Der US-Forscher Robert Hodgson schockte 2005 die Weinfachwelt mit seinen Versuchen: Bei einer Blindverkostung jubelte er angesehenen kalifornischen Weintestern den selben Wein gleich drei Mal unter. Erschreckend: Nur zehn Prozent der Profipichler erkannten den Tropfen wieder, manche erhoben gar eine Zwei-Dollar-Industrieplörre von "Trader's Joe" (das US-Gegenstück zu Aldi) zum besten kalifornischen Chardonnay. Ein anderer Forscher, der Franzose Gil Morrot, ließ 54 ausgewiesenen Bordeaux-Spezialisten einen Weißwein verkosten, den er rot gefärbt hatte. Nicht einer der Herren erkannte, dass sie geleimt wurden.

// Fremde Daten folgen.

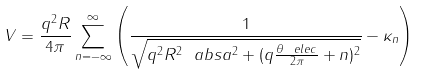<formula> <loc_0><loc_0><loc_500><loc_500>V = \frac { q ^ { 2 } R } { 4 \pi } \sum _ { n = - \infty } ^ { \infty } \left ( \frac { 1 } { \sqrt { q ^ { 2 } R ^ { 2 } \ a b s { a } ^ { 2 } + ( q \frac { \theta _ { \ } e l e c } { 2 \pi } + n ) ^ { 2 } } } - \kappa _ { n } \right )</formula>

Selbstbetrug lässt uns bei der Blindverkostung scheitern

Wie aber können Menschen - und vor allem Fachleute – sich so irren? Ganz einfach: Weil der Mensch zum Selbstbetrug neigt und ein Geschmackserlebnis immer eine Komposition aus verschiedenen Sinnesreizen ist. Die Zigarette schmeckt dem Raucher im Dunkeln nicht so gut, wenn er den Rauch nicht sieht. Aus dem selben Grund schmeckt der Wein, den man aus dem wunderschönen Toskanaurlaub (wo man sich sehr wohl fühlte) mitgebracht hat, zu Hause auf der Terrasse dann leider nur enttäuschend: Ein Teil des Erlebnisses reicht nicht aus, ein Gefühl zu reproduzieren.

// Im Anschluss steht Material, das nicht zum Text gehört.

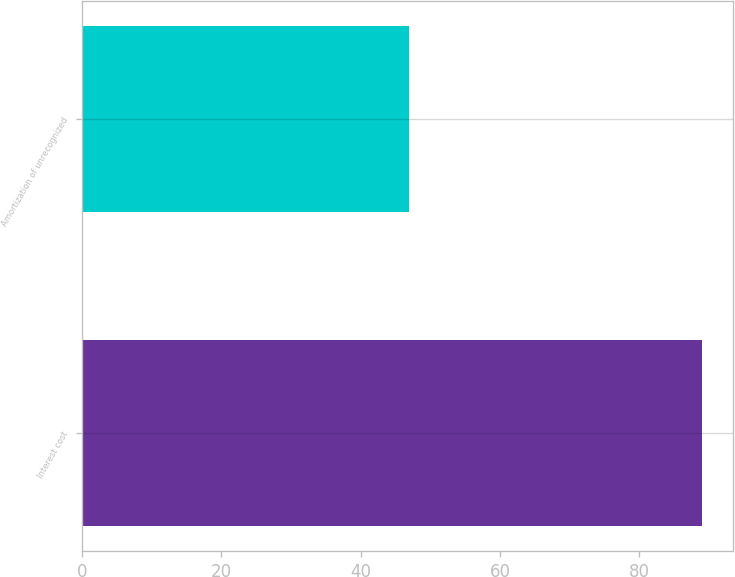<chart> <loc_0><loc_0><loc_500><loc_500><bar_chart><fcel>Interest cost<fcel>Amortization of unrecognized<nl><fcel>89<fcel>47<nl></chart>

Teuer schmeckt gut – auch bei der Blindverkostung

Weitere wichtige Faktoren sind etwa Optik (ein schönes Weinetikett oder ein feines Glas) und der Preis: Wenn wir wissen, dass etwas teuer ist, schmeckt es uns gleich viel besser. Auch das Renommée legt in unserem Gehirn sofort einen Schalter um: Solbald wir erfahren, dass der Rote im Glas aus dem Hause Mouton-Rothschild stammt, tauchen geschmackliche Klischées vor unserem inneren Auge auf, in die das Erlebnis sofort passt wie angegossen. Gut haben es in solchen Fällen "ungebildete Banausen": Wer einfach das trinkt, was ihm schmeckt, geht auch bei einer Blindverkostung nicht in die Irre.